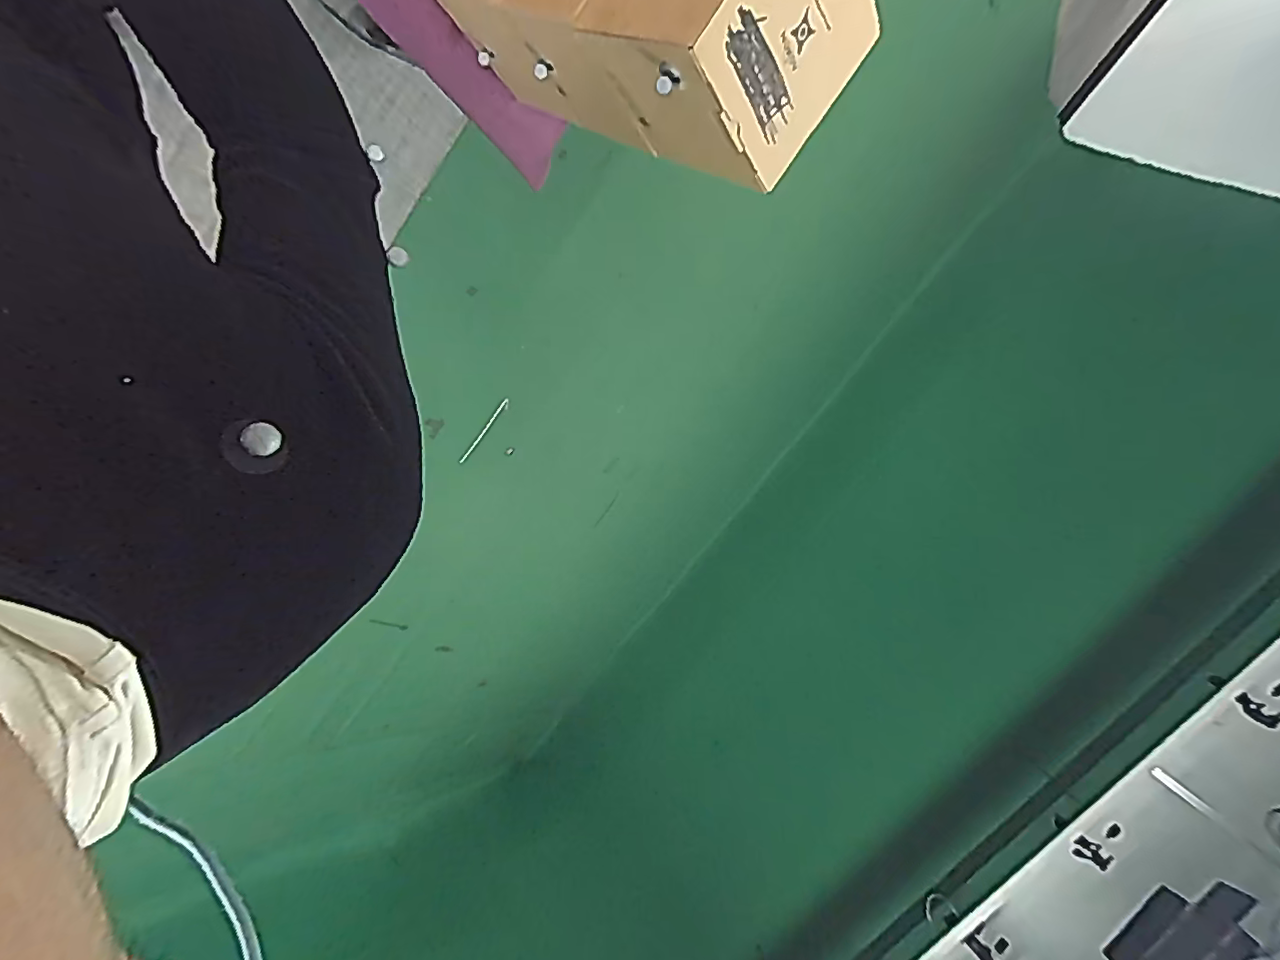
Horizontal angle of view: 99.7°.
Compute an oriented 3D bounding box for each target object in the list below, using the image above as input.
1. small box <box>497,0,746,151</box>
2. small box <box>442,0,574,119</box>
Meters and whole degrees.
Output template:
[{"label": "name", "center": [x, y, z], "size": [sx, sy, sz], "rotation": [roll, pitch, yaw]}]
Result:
----
● BRIEF: Would you count the lines in the data that contain "small" and answer with only the number?

● RESPONSE AREA: 2